Polite, Preston raised an eyebrow. "Can't find whom?"

"Your new one," Alan said. "This Pamela Broussard. Not a trace."

One of Alan's jobs, as Preston's paid companion, was to do background checks on the women Preston chose to pal around with on this island. But this one he couldn't find? "Oh, well, Alan," Preston said, "all these women have so many different last names, you know. Like Indians with scalps on their belts."

"Yes, but they still have to have a background," Alan insisted. "They have to have those scalps. Pamela Broussard has nothing, no history, nothing."

"Alan, that's impossible," Preston pointed out. "She can't be paying cash for her room here."

"No, that's all right," Alan said, "I've got that much. Pam Broussard's bills are paid by I.T.L. Holdings of Evanston, Indiana, which is very near Chicago."

"And what," Preston asked, "is I.T.L. Holdings?"

"The financial investment arm," Alan said, "of Roper-Hasty Detergent, a Chicago conglomerate with a base business in home-cleaning products."

Preston considered this information. He also considered his lunch and ate some omelet. Delicious. "I wonder," he said, "if she's too rich for me."

Alan didn't understand. "Too rich? Preston?"

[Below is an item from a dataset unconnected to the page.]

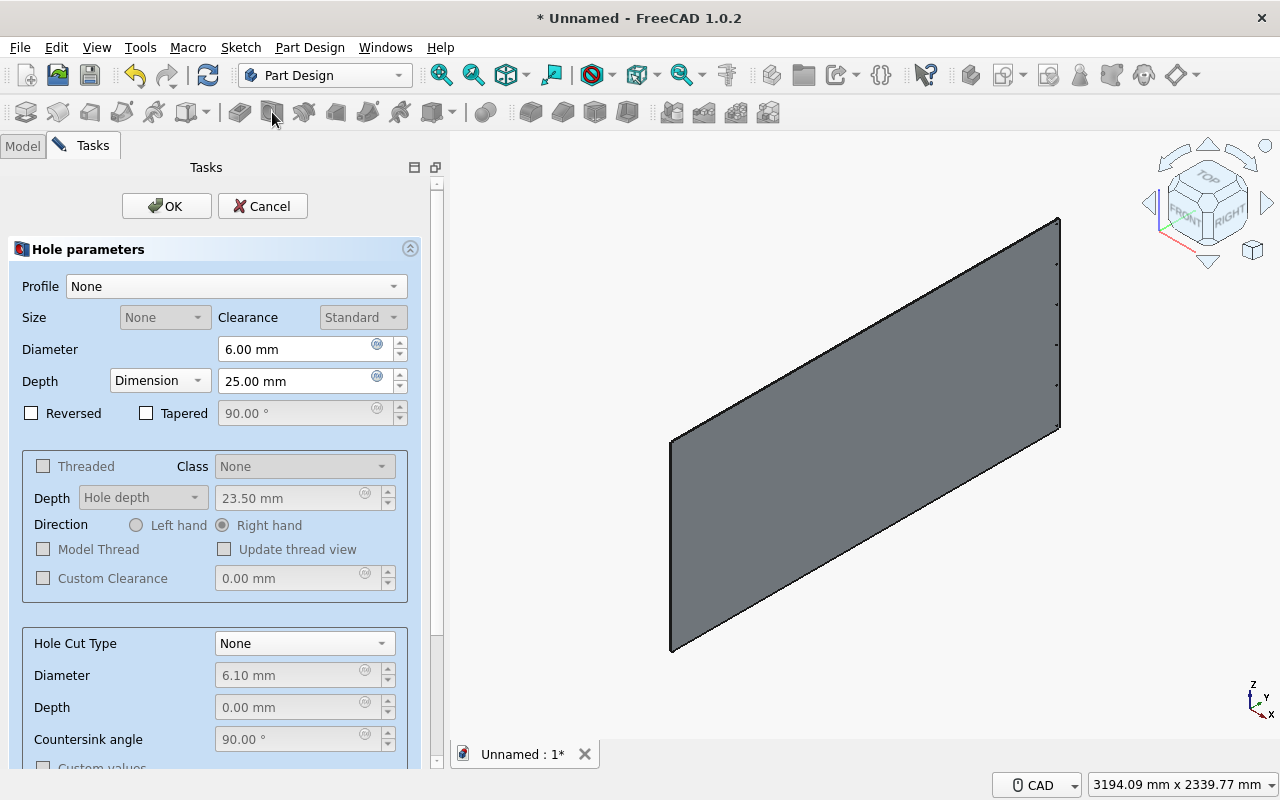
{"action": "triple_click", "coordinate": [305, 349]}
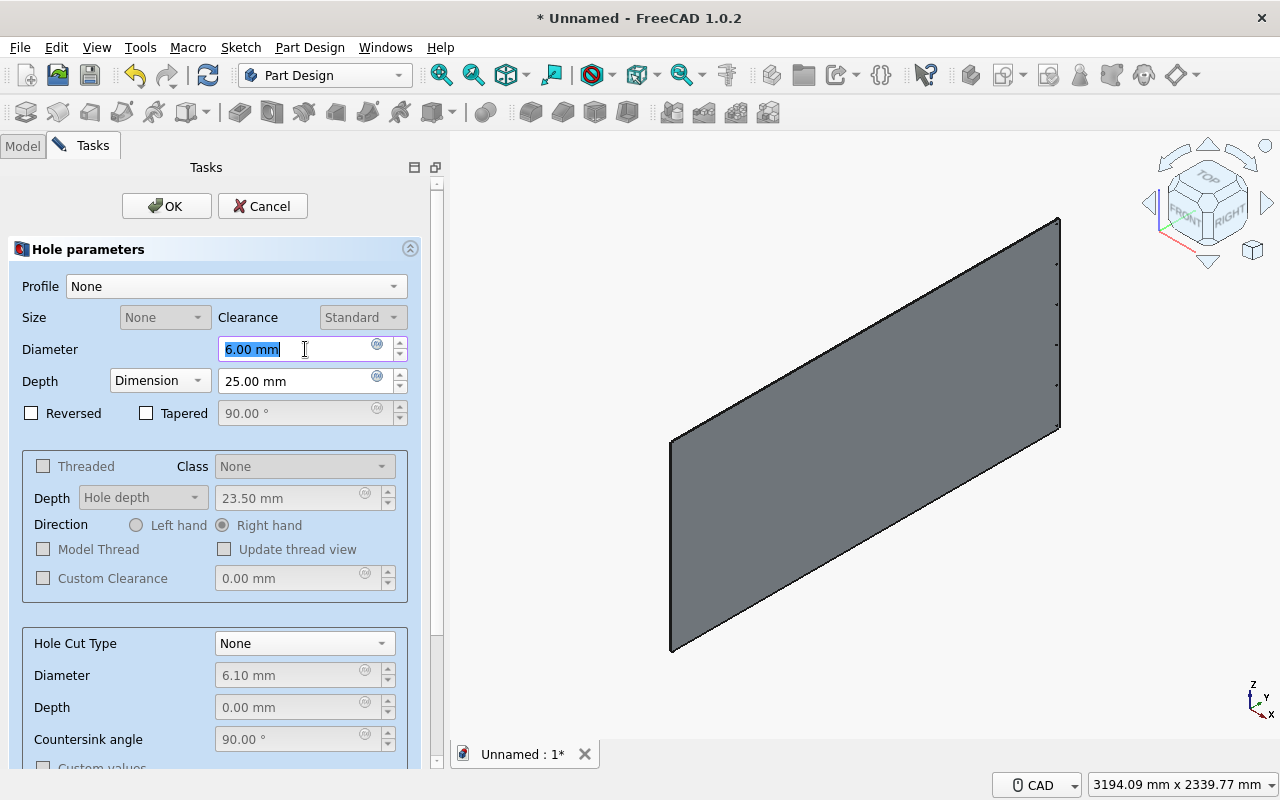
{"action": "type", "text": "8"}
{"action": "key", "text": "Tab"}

"I know Roper-Hasty," Preston told him. "It's no longer entirely family held, but the Roper family still maintains a commanding interest. If Pam Broussard is related to the Ropers, it's perfectly logical the company will pay her expenses, to turn them into something tax-creditable farther down the line. But that would mean that Pam would be far too rich for me to play with. The only reason these women put up with me is because they want my money. If Pam Broussard is a Roper, she's already at least as rich as me, and all my little witticisms will fall quite flat. In fact, I could be quite extensively humiliated. Before we do anything else, Alan, find out for me for sure and certain just who Pam Broussard is when she's at home."

"I signed on to this death ship as a paid companion," Alan pointed out, "but it seems to me you're converting me into a private eye."

"Let's hope," Preston said, "you're good at it."